The Progressive Rancher - March 2022

Page 12

Challenges in Rehabilitating Extremely Arid Habitats A Case Study: Dry Lake Valley

By Charlie D. Clements and Dan N. Harmon

It is well documented how difficult of a task resource managers have when attempting to restore or rehabilitate disturbed or degraded habitats throughout the Great Basin. These challenges are multiplied many times over when attempting to restore or rehabilitate severely arid habitats. Rangeland revegetation has been around for more than a century and many experienced researchers have cautioned future researchers on the numerous frustrations that lay ahead when addressing the restoration or rehabilitation of range sites that are not only degraded, but also are severely limited by lack of effective amount and periodicity of annual precipitation. Sites that regularly receive less than 7” of annual precipitation often lack the necessary precipitation to achieve any level of revegetation success. Researchers have reported that favorable conditions to establish seeded plants in these arid environments may only occur 1 out of every 4 years, while others have reported the

necessary conditions needed to recruit natural or artificially induced seedling recruitment vegetation may only occur 1 or 2 years out of every 15 years (Fig. 1). Nonetheless, many of these habitats are critical to wildlife as well as sustainable grazing practices. In 2013, we were approached by the US Department of Interior, Bureau of Land Management (USDIBLM) to investigate revegetation practices that could possibly reduce the exotic and introduced annual grass, cheatgrass, while at the same time improving grazing resources. Our first investigation to the site took place in June 2013 and we recorded that the habitat was a degraded winterfat/Indian ricegrass community, while the community was dominated by cheatgrass and Russian thistle with a sparse presence of winterfat, Indian ricegrass, galleta grass and sand drop seed. In 2015, a 5-acre exclosure was constructed to

aid our research efforts on testing two soil-active, pre-emergent herbicides, Plateau (Imazapic) and Landmark XP (Sulfometuron-Methyl) to control invasive annual species such as cheatgrass. Pretreatment data collection revealed a remnant perennial grass population of 0.14 perennial grasses/ ft² (6,070/acre) dominated by Indian ricegrass and galleta grass with a shrub population of 0.03/ ft² (1,335/acre) dominated by winterfat. The site appears to be very static in amount and periodicity of precipitation, nonetheless we set out with a goal of increasing the perennial grass density to 0.40/ ft², to aid in the suppression of cheatgrass and significantly improve foraging resources.
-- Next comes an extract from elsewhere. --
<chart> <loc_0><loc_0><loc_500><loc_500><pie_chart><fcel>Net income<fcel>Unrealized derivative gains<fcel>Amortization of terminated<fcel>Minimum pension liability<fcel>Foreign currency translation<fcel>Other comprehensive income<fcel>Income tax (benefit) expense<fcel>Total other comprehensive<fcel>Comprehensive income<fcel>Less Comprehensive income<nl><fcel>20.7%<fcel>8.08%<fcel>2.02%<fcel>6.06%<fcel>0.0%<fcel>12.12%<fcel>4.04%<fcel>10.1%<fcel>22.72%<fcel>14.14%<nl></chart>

In the fall of 2016, we set up 12 randomized 60’ x 150’ plots which included herbicide applications with Plateau @ 6 oz/acre rate, Landmark @ 1.75 oz/acre rate and control plots (no herbicide application). Plots were sprayed in the fall of 2016, fallowed for 1 year and then seeded the following fall.

Figure 1. Dry Lake Valley, located in eastern Nevada, represents habitats that are severely limited due to extremely frequent drought conditions.